Understanding Persistent Identity: How Trust Becomes Something You Can Reuse


Last week, we introduced persistent identity as a new way to carry verified trust across every workflow on the Proof platform. The idea is straightforward. When someone verifies their identity, that verification should not disappear the moment they complete a task. It should remain available, so the next interaction starts with confidence instead of repeated steps.
Today, digital identity rarely works that way. A user verifies themselves to open an account, then again to recover it, then again to make a change, then again to complete a transaction. Each workflow handles identity in its own isolated way. That fragmentation creates friction for users and unnecessary complexity for teams.
Persistent identity solves this by providing one verified identity the platform can recognize and reuse throughout the lifecycle. Users complete fewer repetitive steps. Organizations see a consistent, high-assurance understanding of who is taking action. And every event ties back to something durable rather than a one-time snapshot.
Why repeated verification creates unnecessary friction
Identity systems have long been designed as one-off checkpoints. They confirm who a user is in the moment, authorize the action, and then discard that trust. When the user moves to the next workflow, the process starts over.
This leads to predictable problems:
- Repetition for users. The same captures and checks appear in multiple workflows.
- Inconsistent signals for teams. Each workflow produces its own identity results instead of relying on a shared source of truth.
- Operational overhead. Teams spend time stitching together identity evidence that should already be connected.
Persistent identity removes these resets. Trust established once can be reused safely many times.
How persistent identity works
Persistent identity follows a simple lifecycle: verify once, save it, reuse it.
1. The user completes a high-assurance identity verification
The user goes through Proof’s existing verification flow: ID capture, selfie, and liveness check..
2. The user may opt into saving their verified identity with Proof
After verification, Proof creates a persistent version of the identity, allowing the user to re-verify themselves with MFA and face-scan in their next transaction.
3. When identity is needed again, the user does not start over
Any future workflow that requires identity assurance can reference the persistent identity instead of triggering a full verification.
4. The user completes a lightweight re-authentication step
To confirm that the returning user is the same individual, the platform performs a contextual re-authentication such as:
- a likeness check
- a liveness check
- a quick biometric step-up
- or a low-friction confirmation if risk is minimal
5. The user completes the workflow with the same level of trust
Once authenticated, the user can sign, certify, recover an account, or perform any other action. The assurance level remains high because the process is anchored to the original verified identity.
How this improves workflows across the Proof platform
With a persistent identity in place, different workflows can reference the same trusted identity, which affects many user journeys:
- Signing and notarization: returning users complete fewer steps.
- Transaction certification: Valuable high-frequency actions can be verified quickly.
- Account recovery: users create verifiable identity records over time that result in a more secure account recovery process..
- Support interactions: Instead of relying on ad-hoc verifying questions or low-assurance checks, agents can be confident that they’re supporting a known user.
The result is a more consistent, predictable experience for users and a clearer, more reliable trust model for organizations.
Built with privacy and control in mind
Persistent identity also creates a clearer, more dependable foundation for security and privacy.

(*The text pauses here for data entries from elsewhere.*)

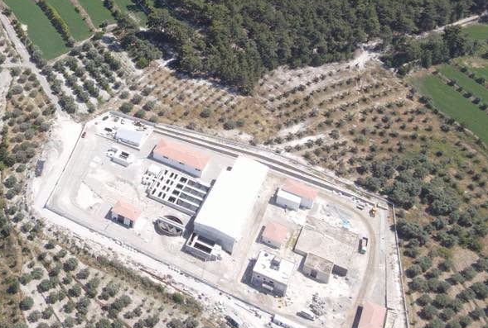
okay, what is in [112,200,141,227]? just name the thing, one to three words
building
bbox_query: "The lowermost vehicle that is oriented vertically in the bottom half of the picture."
[358,229,370,252]
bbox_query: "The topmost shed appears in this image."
[115,130,143,151]
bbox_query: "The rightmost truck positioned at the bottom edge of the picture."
[289,299,325,326]
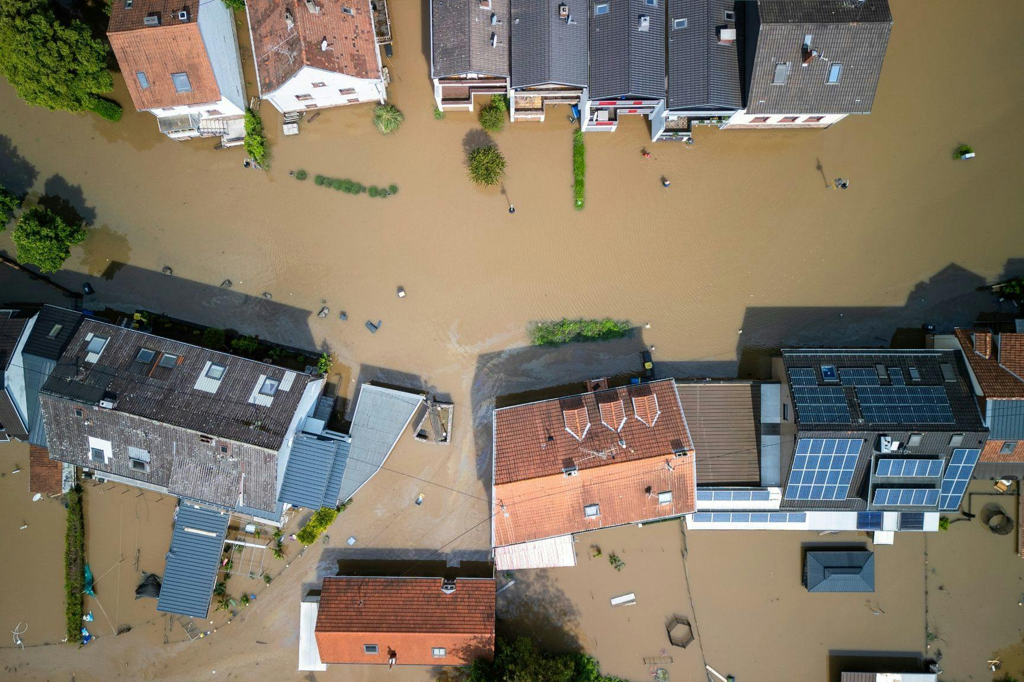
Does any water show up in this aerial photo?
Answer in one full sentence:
Yes, some water is visible.
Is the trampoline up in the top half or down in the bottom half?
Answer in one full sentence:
The trampoline sits in the bottom half of the picture.
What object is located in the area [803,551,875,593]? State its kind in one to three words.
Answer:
building
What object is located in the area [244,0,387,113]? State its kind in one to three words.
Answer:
house
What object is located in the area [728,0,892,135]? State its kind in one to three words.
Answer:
house
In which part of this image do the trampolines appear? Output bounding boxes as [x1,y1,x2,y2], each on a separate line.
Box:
[988,509,1024,535]
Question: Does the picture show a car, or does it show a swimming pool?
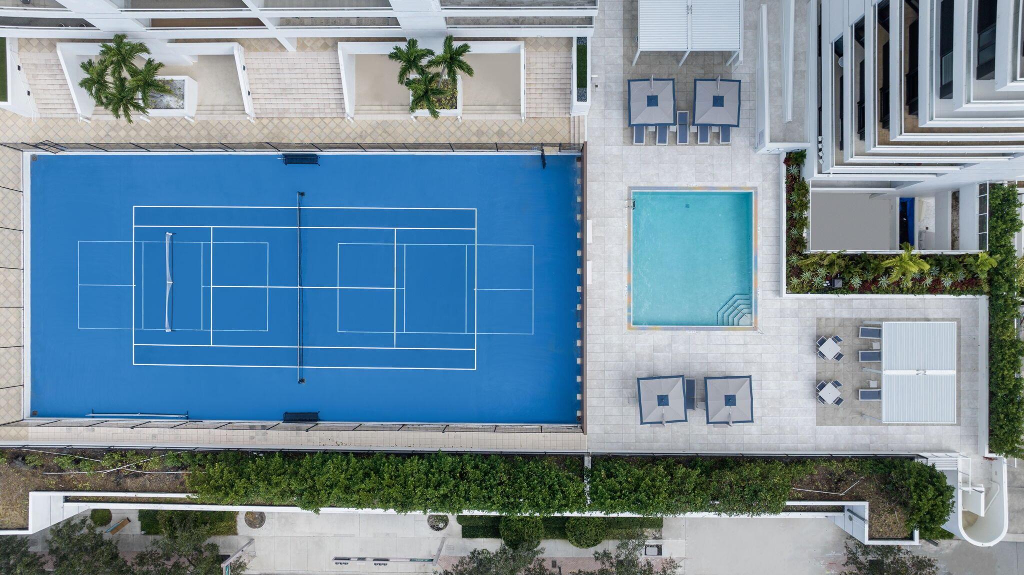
swimming pool
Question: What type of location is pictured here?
sports ground
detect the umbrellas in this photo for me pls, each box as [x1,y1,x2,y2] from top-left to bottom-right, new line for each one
[692,73,741,128]
[636,375,688,427]
[628,72,676,127]
[704,376,754,427]
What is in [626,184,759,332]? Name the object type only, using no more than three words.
swimming pool
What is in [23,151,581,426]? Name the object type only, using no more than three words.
tennis court
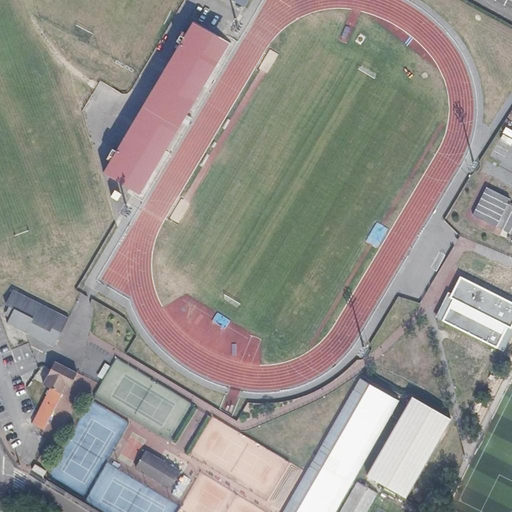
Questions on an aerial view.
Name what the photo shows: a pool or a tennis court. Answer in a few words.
tennis court
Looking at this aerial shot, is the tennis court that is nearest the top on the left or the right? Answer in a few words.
left
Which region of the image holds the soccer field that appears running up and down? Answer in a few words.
bottom right
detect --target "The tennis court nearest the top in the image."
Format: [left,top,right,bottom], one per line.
[95,357,193,440]
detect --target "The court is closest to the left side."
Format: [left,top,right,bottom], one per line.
[48,402,127,496]
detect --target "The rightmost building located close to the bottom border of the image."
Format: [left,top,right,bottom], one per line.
[368,398,450,498]
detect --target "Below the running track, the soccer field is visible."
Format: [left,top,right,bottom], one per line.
[449,382,512,512]
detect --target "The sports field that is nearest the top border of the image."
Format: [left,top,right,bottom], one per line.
[152,8,449,364]
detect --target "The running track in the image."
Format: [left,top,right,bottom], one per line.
[100,0,474,390]
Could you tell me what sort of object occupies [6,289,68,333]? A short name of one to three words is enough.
building
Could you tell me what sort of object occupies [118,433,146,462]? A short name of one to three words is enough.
sports court
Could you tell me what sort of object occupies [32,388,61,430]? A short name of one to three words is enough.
shed
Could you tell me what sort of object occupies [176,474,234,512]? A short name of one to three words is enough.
tennis court
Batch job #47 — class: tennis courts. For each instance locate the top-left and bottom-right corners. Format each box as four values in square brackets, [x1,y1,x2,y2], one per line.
[95,357,193,440]
[48,402,127,496]
[190,418,290,499]
[87,462,178,512]
[226,495,267,512]
[176,474,234,512]
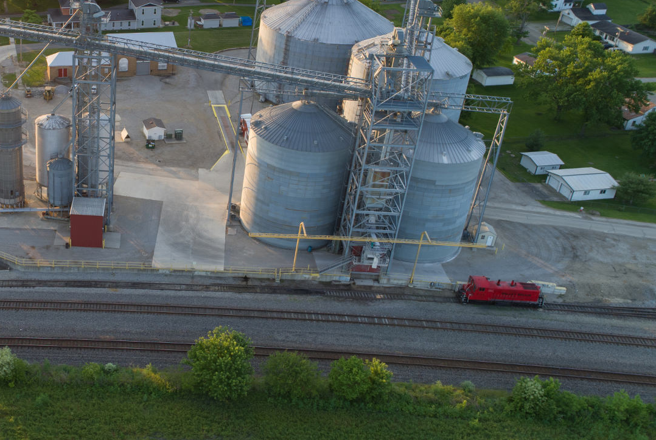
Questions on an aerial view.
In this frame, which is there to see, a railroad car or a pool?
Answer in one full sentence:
It is a railroad car that can be seen here.
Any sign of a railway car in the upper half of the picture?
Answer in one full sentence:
No, I see no railway car in the upper half of the picture.
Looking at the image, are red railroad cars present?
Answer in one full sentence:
Yes, you can see a red railroad car in this photo.
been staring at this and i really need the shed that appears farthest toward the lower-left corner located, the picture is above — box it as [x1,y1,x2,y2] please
[68,194,106,247]
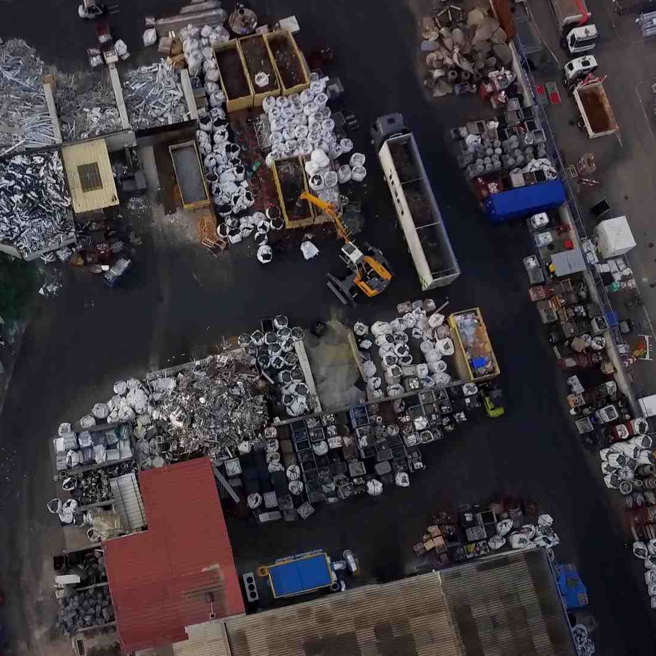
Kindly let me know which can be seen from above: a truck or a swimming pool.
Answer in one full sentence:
Looking from above, you can make out a truck.
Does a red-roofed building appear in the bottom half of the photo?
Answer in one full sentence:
Yes, in the bottom half of the photo there is a red-roofed building.
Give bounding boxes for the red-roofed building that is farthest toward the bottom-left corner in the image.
[102,457,246,654]
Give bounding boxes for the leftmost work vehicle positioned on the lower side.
[472,382,503,419]
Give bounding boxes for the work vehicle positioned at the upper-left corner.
[77,0,114,21]
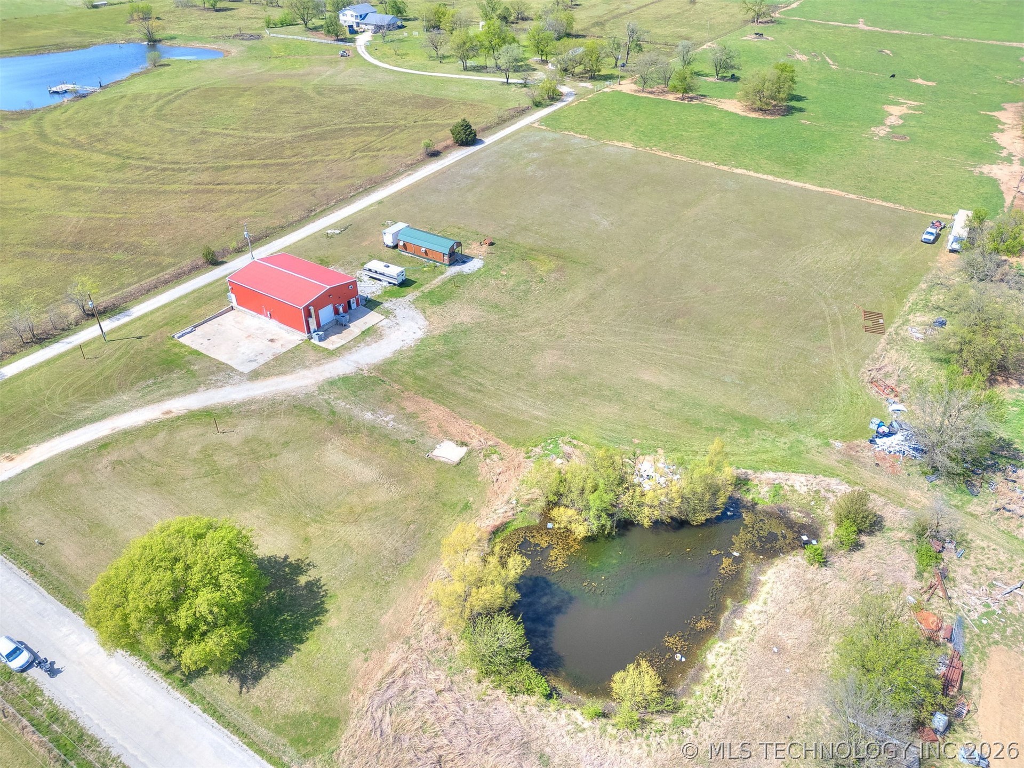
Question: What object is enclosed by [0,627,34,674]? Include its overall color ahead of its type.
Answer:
white car
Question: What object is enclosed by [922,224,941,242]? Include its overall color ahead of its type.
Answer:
white vehicle
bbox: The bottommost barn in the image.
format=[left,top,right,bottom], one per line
[220,253,364,337]
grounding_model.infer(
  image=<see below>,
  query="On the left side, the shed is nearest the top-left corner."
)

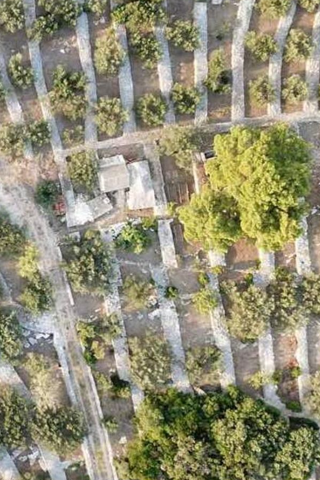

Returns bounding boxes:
[96,155,129,192]
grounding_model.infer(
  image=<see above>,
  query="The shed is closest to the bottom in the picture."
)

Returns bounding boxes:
[86,194,112,218]

When high-value actions reference a verified identity rather than a collection of temporary signals, the platform can make more informed decisions about who is taking action. This makes common attack paths, such as relying on stolen credentials, far less effective because the system expects confirmation from the verified user, not just a password or token.
This added assurance does not require collecting more data. It reduces exposure by eliminating repeated identity checks that ask users to resubmit sensitive information. Each re-authentication uses only what is necessary to confirm the user is present, and the user controls when their identity is reused. The result is more confidence in each action, with less friction and a smaller surface area for risk.
Why persistent identity matters
Digital workflows move quickly. Expectations are high. Fraud is sophisticated.Re-verifying the same user over and over is inefficient for everyone involved.
Persistent identity gives organizations a reliable, reusable identity layer that works across workflows. It gives users a smoother experience without lowering security, and teams a clearer, more consistent identity signal to base decisions on.
Identity becomes an asset the platform can carry forward, not a step that resets every time something new happens.